Signature Verification

Every webhook includes an X-Webhook-Signature header containing an HMAC-SHA256 signature. This allows you to cryptographically verify that:

1. Authenticity: The webhook originated from cmfy.cloud
2. Integrity: The payload wasn't tampered with in transit
3. Replay protection: The webhook isn't a replay of an old message (via timestamp validation)

Getting Your Webhook Secret

Your webhook secret is available in the Portal Dashboard under Settings → Webhooks. The secret is a 64-character hexadecimal string.

Keep Your Secret Secure

Never commit your webhook secret to source control.
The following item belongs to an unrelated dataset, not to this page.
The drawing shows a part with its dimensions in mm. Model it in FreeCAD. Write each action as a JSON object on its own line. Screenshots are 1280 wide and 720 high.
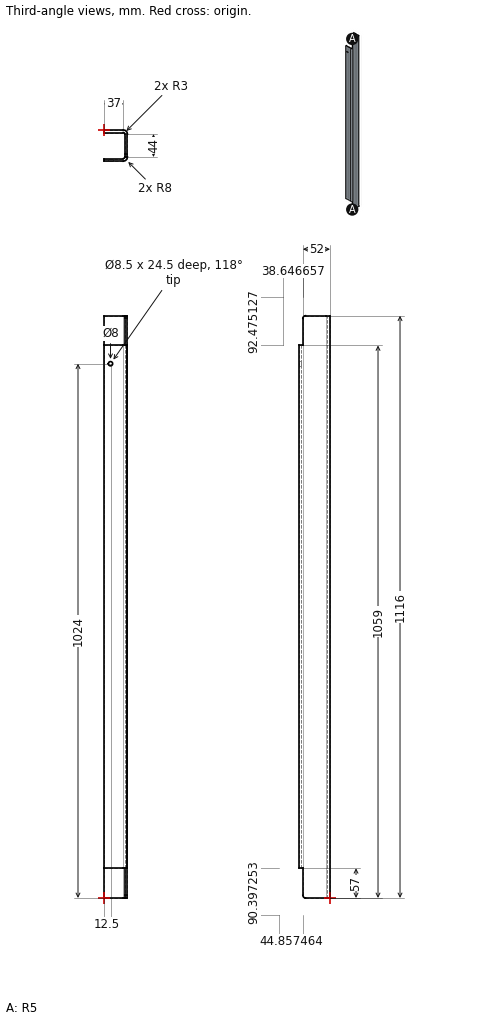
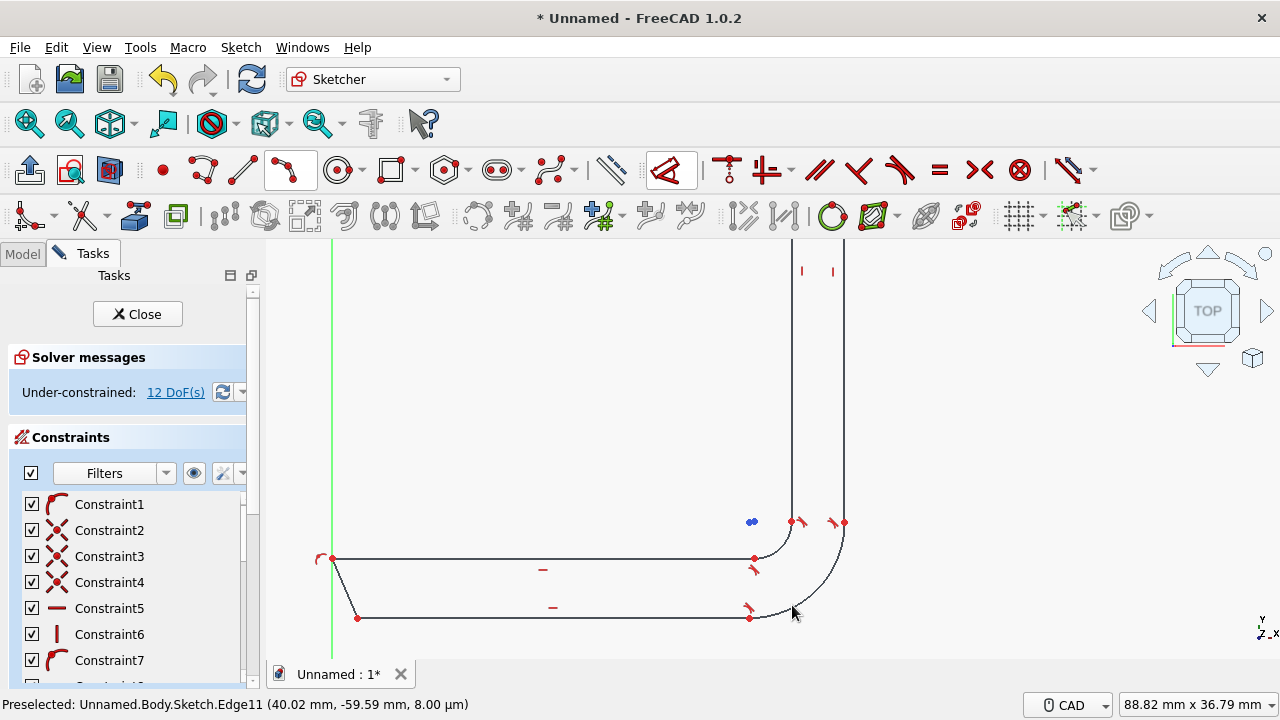
{"action": "left_click", "coordinate": [844, 372]}

Use environment variables or a secrets manager.

Signature Format

The signature header format is:

X-Webhook-Signature: sha256={hex_digest}

The signature is computed over: {timestamp}.{payload}

Where:

• timestamp is the X-Webhook-Timestamp header value (ISO 8601 format)
• payload is the raw JSON body (not parsed)

Verification Examples

Python

import hmac
import hashlib
from datetime import datetime, timezone
from flask import Flask, request, jsonify

app = Flask(__name__)

# Load from environment variable
WEBHOOK_SECRET = os.environ['CMFY_WEBHOOK_SECRET']
TIMESTAMP_TOLERANCE_SECONDS = 300  # 5 minutes

def verify_webhook_signature(payload: bytes, signature: str, timestamp: str) -> bool:
    """Verify the webhook signature using HMAC-SHA256."""
    # Validate signature format
    if not signature or not signature.startswith('sha256='):
        return False

    # Check timestamp is within tolerance (prevents replay attacks)
    try:
        webhook_time = datetime.fromisoformat(timestamp.replace('Z', '+00:00'))
        age_seconds = abs((datetime.now(timezone.utc) - webhook_time).total_seconds())
        if age_seconds > TIMESTAMP_TOLERANCE_SECONDS:
            return False
    except ValueError:
        return False

    # Compute expected signature
    signed_payload = f"{timestamp}.{payload.decode('utf-8')}"
    expected_signature = 'sha256=' + hmac.new(
        WEBHOOK_SECRET.encode('utf-8'),
        signed_payload.encode('utf-8'),
        hashlib.sha256
    ).hexdigest()

    # Constant-time comparison to prevent timing attacks
    return hmac.compare_digest(signature, expected_signature)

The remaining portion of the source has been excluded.